I am trying to estimate robust standard errors in a panel data regression. I understand panel data regressions conceptually, but R offers a lot of options I am not sure about. My data is of the following format:
id time name y x1 x2
1 10 A 1.28233854 -0.42411039 1.89640596
1 11 A -0.59541995 -0.43214374 0.07386285
1 12 A 0.88951720 -1.55417836 0.28276157
2 10 B 1.11211744 -0.89200195 0.88989664
2 11 B -0.37737953 0.09055494 1.20764357
3 10 C 0.03258314 -0.13834344 -0.97812765
3 11 C -0.97645525 -0.14313482 -1.03528695
3 12 C -0.02031554 0.02061293 -0.71353867
Here is the R code to create the data:
x <- data.frame(id = rep(c(1, 2, 3), c(3,2,3)), time = c(10,11,12,10,11,10,11,12),name= rep(c("A", "B", "C"), c(3,2,3)), y = rnorm(8), x1 = rnorm(8), x2 = rnorm(8))
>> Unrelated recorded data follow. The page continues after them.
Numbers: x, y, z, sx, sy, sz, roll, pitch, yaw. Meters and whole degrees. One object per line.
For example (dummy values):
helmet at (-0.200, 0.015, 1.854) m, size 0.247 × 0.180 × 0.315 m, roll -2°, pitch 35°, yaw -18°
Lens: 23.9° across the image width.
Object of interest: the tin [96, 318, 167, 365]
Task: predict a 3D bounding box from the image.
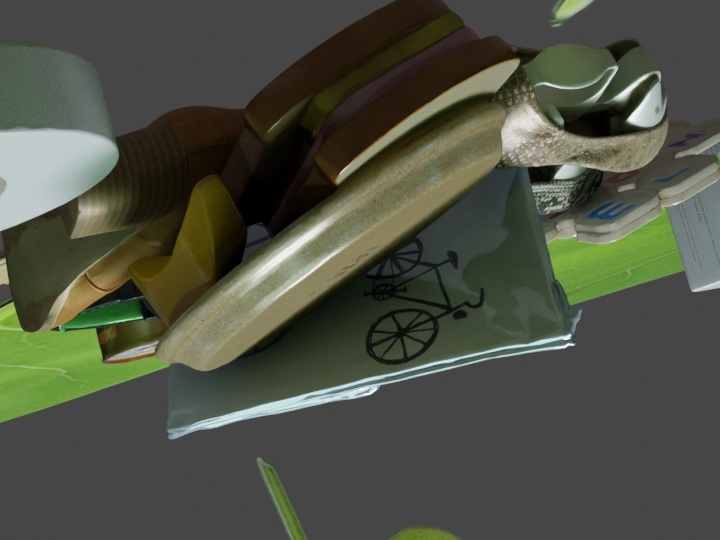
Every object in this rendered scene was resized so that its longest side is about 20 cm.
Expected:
tin at (-0.129, 0.040, 1.439) m, size 0.199 × 0.042 × 0.112 m, roll -12°, pitch 168°, yaw -32°

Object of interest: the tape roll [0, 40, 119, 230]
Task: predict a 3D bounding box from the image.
tape roll at (-0.193, -0.037, 0.656) m, size 0.201 × 0.037 × 0.203 m, roll -16°, pitch 173°, yaw -2°

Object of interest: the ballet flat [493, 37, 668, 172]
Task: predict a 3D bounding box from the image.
ballet flat at (0.118, -0.088, 0.873) m, size 0.199 × 0.071 × 0.065 m, roll -14°, pitch 160°, yaw -50°

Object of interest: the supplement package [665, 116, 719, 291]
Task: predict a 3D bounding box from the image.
supplement package at (0.339, -0.071, 1.284) m, size 0.199 × 0.122 × 0.120 m, roll -19°, pitch 173°, yaw 25°

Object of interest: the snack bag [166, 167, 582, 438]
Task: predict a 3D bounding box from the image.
snack bag at (0.000, 0.000, 0.842) m, size 0.198 × 0.022 × 0.189 m, roll -14°, pitch -145°, yaw 5°

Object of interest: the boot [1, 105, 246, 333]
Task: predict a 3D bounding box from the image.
boot at (-0.093, -0.026, 0.838) m, size 0.143 × 0.071 × 0.201 m, roll -13°, pitch 168°, yaw -26°

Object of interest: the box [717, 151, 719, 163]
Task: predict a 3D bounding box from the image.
box at (0.355, -0.054, 1.110) m, size 0.097 × 0.199 × 0.176 m, roll -61°, pitch 158°, yaw 15°

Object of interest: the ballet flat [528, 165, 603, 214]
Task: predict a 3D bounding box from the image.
ballet flat at (0.082, -0.067, 0.979) m, size 0.199 × 0.068 × 0.075 m, roll -9°, pitch 155°, yaw -35°

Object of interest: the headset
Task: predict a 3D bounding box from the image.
headset at (-0.100, 0.017, 1.072) m, size 0.198 × 0.095 × 0.124 m, roll -14°, pitch 174°, yaw -2°

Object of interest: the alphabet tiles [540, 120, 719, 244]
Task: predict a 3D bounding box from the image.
alphabet tiles at (0.134, -0.049, 1.083) m, size 0.195 × 0.015 × 0.200 m, roll -29°, pitch -162°, yaw -24°

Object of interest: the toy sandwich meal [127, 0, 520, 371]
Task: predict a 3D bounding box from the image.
toy sandwich meal at (-0.021, -0.033, 0.729) m, size 0.205 × 0.070 × 0.205 m, roll -35°, pitch 175°, yaw -3°

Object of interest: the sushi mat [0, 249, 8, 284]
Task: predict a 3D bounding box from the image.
sushi mat at (-0.150, -0.022, 0.976) m, size 0.199 × 0.012 × 0.095 m, roll -20°, pitch 173°, yaw 31°
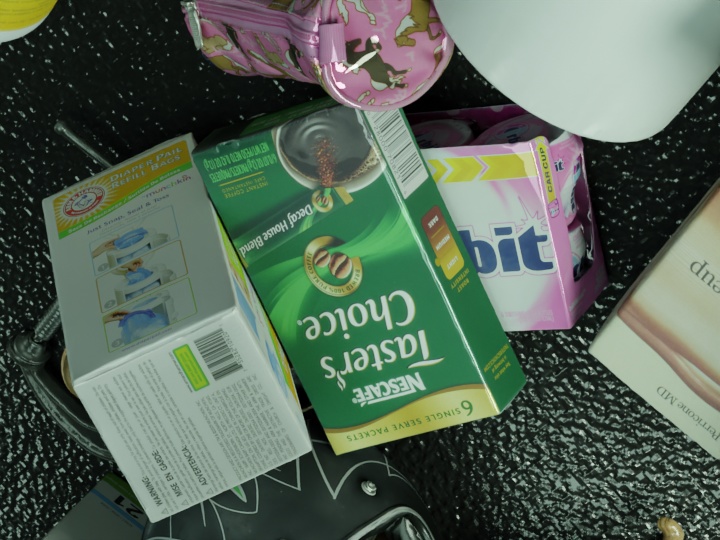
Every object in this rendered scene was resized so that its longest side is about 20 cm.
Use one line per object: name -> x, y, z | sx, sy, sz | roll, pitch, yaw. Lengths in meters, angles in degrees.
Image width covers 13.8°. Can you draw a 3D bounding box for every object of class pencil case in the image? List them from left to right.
pencil case -> -0.027, -0.136, 1.626 | 0.083, 0.086, 0.200 | 54, 165, -25

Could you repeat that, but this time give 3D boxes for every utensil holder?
utensil holder -> 0.148, -0.190, 1.522 | 0.170, 0.170, 0.200 | 40, 127, 4

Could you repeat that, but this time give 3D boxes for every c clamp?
c clamp -> -0.158, 0.024, 1.867 | 0.170, 0.027, 0.200 | 35, 123, 2

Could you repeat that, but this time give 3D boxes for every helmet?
helmet -> -0.041, 0.182, 1.777 | 0.199, 0.200, 0.191 | -20, 117, 32

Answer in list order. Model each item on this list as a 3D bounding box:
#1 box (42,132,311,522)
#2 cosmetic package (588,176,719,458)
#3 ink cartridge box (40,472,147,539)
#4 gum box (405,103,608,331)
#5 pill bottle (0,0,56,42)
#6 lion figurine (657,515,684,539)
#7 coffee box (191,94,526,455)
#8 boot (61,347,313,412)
box -> -0.108, 0.029, 1.701 | 0.101, 0.200, 0.113 | -24, 124, 4
cosmetic package -> 0.225, -0.008, 1.618 | 0.103, 0.087, 0.200 | 38, 125, 4
ink cartridge box -> -0.161, 0.239, 1.863 | 0.147, 0.200, 0.076 | 37, 124, 6
gum box -> 0.042, -0.028, 1.712 | 0.199, 0.066, 0.114 | -3, 113, 28
pill bottle -> -0.212, -0.204, 1.722 | 0.112, 0.112, 0.200 | 41, 133, 3
lion figurine -> 0.190, 0.227, 1.726 | 0.199, 0.123, 0.073 | 29, 162, 17
coffee box -> 0.000, 0.000, 1.678 | 0.122, 0.044, 0.201 | -14, 108, 33
boot -> -0.098, 0.058, 1.803 | 0.199, 0.076, 0.074 | -6, 113, 20
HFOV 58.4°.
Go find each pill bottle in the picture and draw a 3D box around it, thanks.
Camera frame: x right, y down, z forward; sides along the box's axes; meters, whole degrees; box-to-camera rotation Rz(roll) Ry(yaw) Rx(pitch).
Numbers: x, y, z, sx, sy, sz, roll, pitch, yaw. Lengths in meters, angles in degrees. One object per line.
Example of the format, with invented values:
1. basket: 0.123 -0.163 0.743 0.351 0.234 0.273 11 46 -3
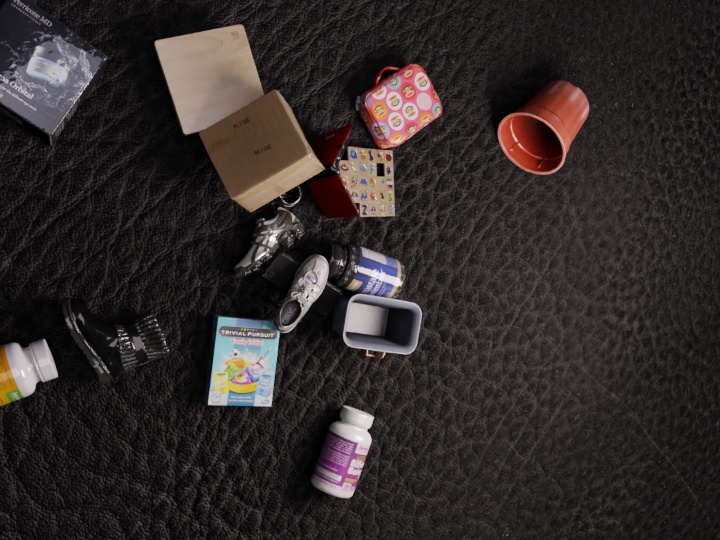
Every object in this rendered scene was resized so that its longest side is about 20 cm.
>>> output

In order to perform the regression and the robust standard errors, I use:
library(plm)
library(sandwich)
library(lmtest)
attach(x)
# Pooling:
r1 <- plm(y ~ x1 + x2, model="pooling", x, index = c("id","time"))
r1
coeftest(r1,vcov=vcovHC(r1,type="HC0",cluster="group"))
# Fixed effects:
r2 <- plm(y ~ x1 + x2, model="within", x, index = c("id","time"))
r2
coeftest(r2,vcov=vcovHC(r2,type="HC0",cluster="group"))
detach(x)
My questions are the following:
1) Is it correct to cluster by group in the pooling model and in the fixed effects model? I could also cluster by time. My issue is that in the fixed effects model we only account for the within-variation over time, so as I understand, it wouldn't make any sense to cluster the standard errors by group under this approach.
2) There are 3 options to choose an effect, "individual", "time" or "twoways". But I could not find any good explanation which effect to use under which model. Maybe someone could tell me which effect to use in the above simple model, in either the within- or the pooling model.